While the use of progressively more complex models over the past 25 years has proved useful in many cases, this complexity has not always been justified. In numerous instances, complex models have generated the same results as “back of the envelope” calculations. One piece of evidence that supports this observation is the study demonstrating that quality-adjusting life-years mattered only in a minority of cost-effectiveness analyses [4]. It is far from clear that modelers in general investigate systematically whether or not more complex models provide significantly improved insights to decision makers, as would be necessary to justify the loss of transparency as well as the additional effort expended in developing these complex models. While complexity may be demanded by some decision makers, many others would opt for greater transparency if the sacrifice with respect to accuracy were tolerable.

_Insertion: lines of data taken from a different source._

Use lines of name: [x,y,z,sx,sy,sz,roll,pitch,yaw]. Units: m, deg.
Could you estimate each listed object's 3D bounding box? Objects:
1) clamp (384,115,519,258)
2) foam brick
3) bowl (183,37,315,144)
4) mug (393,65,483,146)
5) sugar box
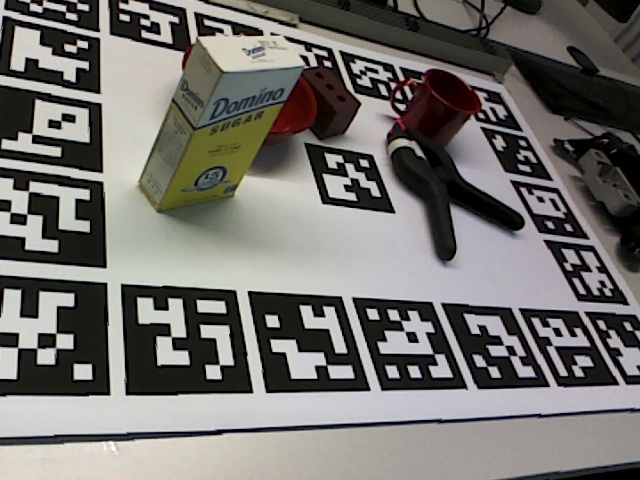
clamp: [0.149,-0.080,0.800,0.164,0.037,0.203,-19,66,-38]
foam brick: [0.004,-0.171,0.797,0.052,0.051,0.078,-23,69,-41]
bowl: [-0.089,-0.164,0.723,0.161,0.055,0.162,17,46,-19]
mug: [0.157,-0.190,0.874,0.117,0.081,0.093,28,44,-12]
sugar box: [-0.099,-0.099,0.573,0.092,0.177,0.045,-20,68,-42]
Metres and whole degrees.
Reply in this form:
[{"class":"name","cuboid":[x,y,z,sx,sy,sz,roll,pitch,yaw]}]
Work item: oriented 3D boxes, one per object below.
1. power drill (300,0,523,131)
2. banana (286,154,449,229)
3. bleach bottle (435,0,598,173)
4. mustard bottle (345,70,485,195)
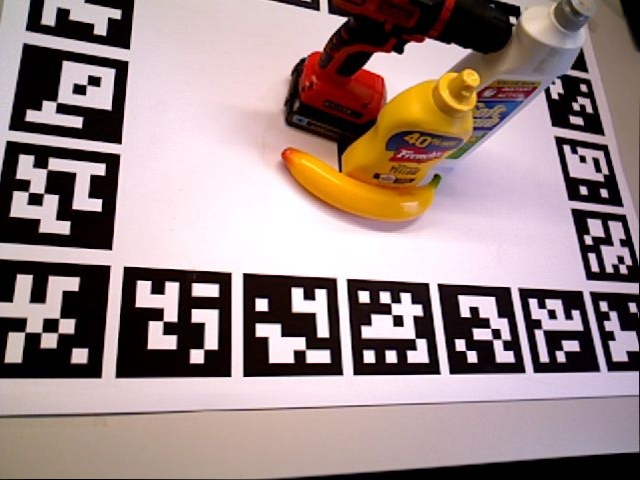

This Task Force should be credited with providing a set of guidelines that are probably the best and certainly the most current among those available, to assist model users and model reviewers in the evaluation of models. As noted, these guidelines reflect current best practice and will require updating as methodological development moves forward. The Task Force's recommendations are not a simple checklist; a level of sophistication both about the clinical issue under examination and about how models function is required to appropriately evaluate models and their results.

The Task Force appropriately recommends that models include reasonable estimates of parameters and parameter uncertainty. This issue may bear greater scrutiny than discussed in the Task Force report. While documenting credible sources for parameter estimates and the use of sensitivity analyses are de rigeur, the Task Force could have commented more on how sensitivity analyses could be employed to highlight to end users of models the importance of critical assumptions through an examination of how results vary when the sensitivity analysis uses a maximal range of parameter estimates. End users—especially a nonmodeler reader—would benefit from seeing a model pushed to its limits. Indeed, I have often found that published models employ ranges of parameter estimates in sensitivity analyses that, while plausible, do not explore all potential scenarios of interest. And while one-way and two-way sensitivity analyses have given way to probabilistic sensitivity analyses, the causes of transparency and reducing decision-maker uncertainty might be better served by a “best-case, worst-case” sensitivity analysis. But perhaps the most challenging conundrum for the credibility of complex models—as the Task Force notes—is the difficulty in providing an adequate sensitivity analysis for “structural uncertainly”: how are we to understand the sometimes conflicting results from different models that appear well designed and that address the same issue?

Model users are left with proxy measures for model credibility, such as the reputation of the model's creators and the potential for conflicts of interest. In addition, model users gain confidence in a model's output when they can manipulate the model itself through changing the input parameters and/or aspects of the model's structure to gain a feel for how it operates. In this regard, the discussion of transparency and intellectual property within the Task Force's report is particularly salient.

Finally, it is crucial that the community of modelers effectively educate end users—including researchers, health care decision makers, health care providers, and patients—regarding the appropriate use and limitations of models. A model is one important source of information to heed within a well-designed, deliberative, and transparent decision process. No model directly provides the ultimate answer to our fundamental question, “What is the right thing to do?”—nor would experienced modelers claim that.